Why Databricks Made This Architecture Possible

This solution is deeply enabled by native Databricks platform capabilities that simplify onboarding, enforce data quality, and make inbound data sharing scalable and operationally reliable.

Databricks Marketplace productizes onboarding into a self-service experience. Magnite’s customers get a standardized listing with schema requirements, guided runbooks, and a packaged Python wheel for validation and setup, dramatically reducing onboarding time and enabling consistent adoption across many customers.

Delta Sharing provides the core sharing abstraction. Magnite’s customers are  able to  programmatically create shares and recipients, enable sharing, and expose governed, read-only access to live Delta tables. This enables zero-copy sharing, where data remains in the provider’s environment and is accessed without duplicating datasets or building custom export pipelines, reducing the overhead and complexity of data movement while preserving secure, governed access to live data.

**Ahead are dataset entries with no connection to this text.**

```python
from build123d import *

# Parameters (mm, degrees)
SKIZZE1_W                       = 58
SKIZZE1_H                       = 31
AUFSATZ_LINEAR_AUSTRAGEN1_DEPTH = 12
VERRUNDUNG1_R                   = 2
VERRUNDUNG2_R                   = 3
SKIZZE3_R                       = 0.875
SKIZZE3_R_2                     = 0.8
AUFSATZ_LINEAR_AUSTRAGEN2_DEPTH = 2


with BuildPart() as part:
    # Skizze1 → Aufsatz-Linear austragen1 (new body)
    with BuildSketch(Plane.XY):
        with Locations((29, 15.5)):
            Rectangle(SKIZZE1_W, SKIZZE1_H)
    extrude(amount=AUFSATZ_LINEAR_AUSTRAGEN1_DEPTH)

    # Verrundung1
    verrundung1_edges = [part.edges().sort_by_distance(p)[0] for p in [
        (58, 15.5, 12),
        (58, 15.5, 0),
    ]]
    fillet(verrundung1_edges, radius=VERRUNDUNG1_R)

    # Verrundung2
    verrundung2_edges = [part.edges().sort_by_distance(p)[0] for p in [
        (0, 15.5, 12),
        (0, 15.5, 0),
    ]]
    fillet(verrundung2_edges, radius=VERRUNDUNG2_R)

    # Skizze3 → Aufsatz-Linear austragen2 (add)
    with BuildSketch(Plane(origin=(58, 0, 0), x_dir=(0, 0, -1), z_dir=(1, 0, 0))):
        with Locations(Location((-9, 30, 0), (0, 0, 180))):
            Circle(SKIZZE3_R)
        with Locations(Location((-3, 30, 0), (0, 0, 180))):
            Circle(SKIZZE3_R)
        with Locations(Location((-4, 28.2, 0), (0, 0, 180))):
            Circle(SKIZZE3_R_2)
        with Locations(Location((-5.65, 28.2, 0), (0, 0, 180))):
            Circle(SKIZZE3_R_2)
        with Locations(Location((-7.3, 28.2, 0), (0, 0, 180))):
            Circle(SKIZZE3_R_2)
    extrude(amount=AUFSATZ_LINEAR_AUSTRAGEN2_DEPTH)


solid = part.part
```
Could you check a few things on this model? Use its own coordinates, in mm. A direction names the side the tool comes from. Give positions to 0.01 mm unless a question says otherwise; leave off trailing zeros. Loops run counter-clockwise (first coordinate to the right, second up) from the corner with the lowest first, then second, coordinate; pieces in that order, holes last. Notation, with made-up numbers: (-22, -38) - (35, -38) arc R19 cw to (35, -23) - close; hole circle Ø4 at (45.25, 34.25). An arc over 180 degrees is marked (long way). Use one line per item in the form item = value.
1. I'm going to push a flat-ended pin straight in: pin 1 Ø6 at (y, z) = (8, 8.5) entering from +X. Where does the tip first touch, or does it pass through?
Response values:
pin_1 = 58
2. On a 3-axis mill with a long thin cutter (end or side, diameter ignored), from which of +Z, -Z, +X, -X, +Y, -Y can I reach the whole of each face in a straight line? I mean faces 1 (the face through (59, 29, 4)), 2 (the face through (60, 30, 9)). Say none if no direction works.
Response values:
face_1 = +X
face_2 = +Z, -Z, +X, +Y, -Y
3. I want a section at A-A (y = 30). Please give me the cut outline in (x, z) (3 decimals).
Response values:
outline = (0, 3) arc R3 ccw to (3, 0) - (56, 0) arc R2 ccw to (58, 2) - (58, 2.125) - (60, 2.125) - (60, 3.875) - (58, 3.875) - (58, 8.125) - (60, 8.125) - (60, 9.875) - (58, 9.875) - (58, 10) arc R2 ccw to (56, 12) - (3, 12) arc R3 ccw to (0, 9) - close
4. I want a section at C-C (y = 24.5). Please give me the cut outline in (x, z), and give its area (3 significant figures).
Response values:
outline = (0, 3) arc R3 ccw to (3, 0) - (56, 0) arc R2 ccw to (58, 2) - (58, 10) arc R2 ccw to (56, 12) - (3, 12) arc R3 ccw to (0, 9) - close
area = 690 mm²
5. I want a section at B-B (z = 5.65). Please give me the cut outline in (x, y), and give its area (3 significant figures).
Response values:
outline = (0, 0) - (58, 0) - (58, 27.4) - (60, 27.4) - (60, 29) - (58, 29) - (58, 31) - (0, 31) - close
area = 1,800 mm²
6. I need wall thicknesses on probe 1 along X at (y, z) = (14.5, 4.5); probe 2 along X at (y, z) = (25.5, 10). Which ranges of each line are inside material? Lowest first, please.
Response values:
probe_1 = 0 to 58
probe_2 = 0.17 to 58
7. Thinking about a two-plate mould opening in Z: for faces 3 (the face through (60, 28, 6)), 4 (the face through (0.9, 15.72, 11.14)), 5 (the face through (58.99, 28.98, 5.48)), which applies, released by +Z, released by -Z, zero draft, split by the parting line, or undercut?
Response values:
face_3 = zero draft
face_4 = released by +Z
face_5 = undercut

Delta Lake Change Data Feed (CDF) is what makes scalable ingestion practical for Magnite’s use case. While Delta Sharing enables live access to customer tables, Magnite requires its own managed copy of the data for transformation, enrichment, downstream processing, and operational isolation. CDF allows Magnite to maintain that copy efficiently by consuming only incremental row-level changes instead of performing full table refreshes. Without CDF, Magnite would need to build and operate a custom CDC mechanism to replicate partner data into its environment.

Databricks REST APIs are what make the workflow fully automated at scale. Magnite uses APIs to discover new shares, enumerate shared tables/metadata, create per-customer catalogs, provision per-customer Lakeflow jobs, and update operational queries/alerts, eliminating manual onboarding steps and lowering engineering overhead.

Lakeflow Jobs unify orchestration and streaming. A persistent “share listener” job detects new customer shares, validates schemas, provisions ingestion jobs, and runs transformation pipelines.
The Databricks Lakehouse stores operational metadata, CDF metrics, and audit logs in Delta tables, providing built-in observability and troubleshooting.

Together, these capabilities reduce onboarding friction, improve data quality and consistency, lower engineering overhead, and enable scalable adoption. Without Databricks, Magnite would have needed custom export pipelines, external orchestration, bespoke governance layers, a separate control plane for automation, and manual customer setup resulting in higher cost, slower onboarding, and a more fragile system.

 

Business Value

Creating this new pipeline into Magnite opens up new pathways for data monetization, reinforcing our broader narrative of flexible, privacy-safe onboarding. By integrating directly with Databricks, we make it easier for partners to activate their data within Magnite, expanding how and where data can drive value. 

 

Conclusion & Next Steps

Inbound data sharing is becoming critical in modern data ecosystems. By leveraging the Databricks Lakehouse, Delta Sharing, Change Data Feed, and a Marketplace-first approach, Magnite has built a solution that makes it easy for customers to publish trusted data, and easy for Magnite to consume it at scale. Together, this enables faster insights, stronger collaboration, and greater value from shared data.

This solution is also a strong example of how Databricks Professional Services partners with customers to accelerate time to value. By combining deep platform expertise with Magnite’s domain knowledge, the joint team delivered a scalable, production-grade inbound data-sharing architecture, turning what would have been a complex, bespoke integration into a repeatable, productized workflow.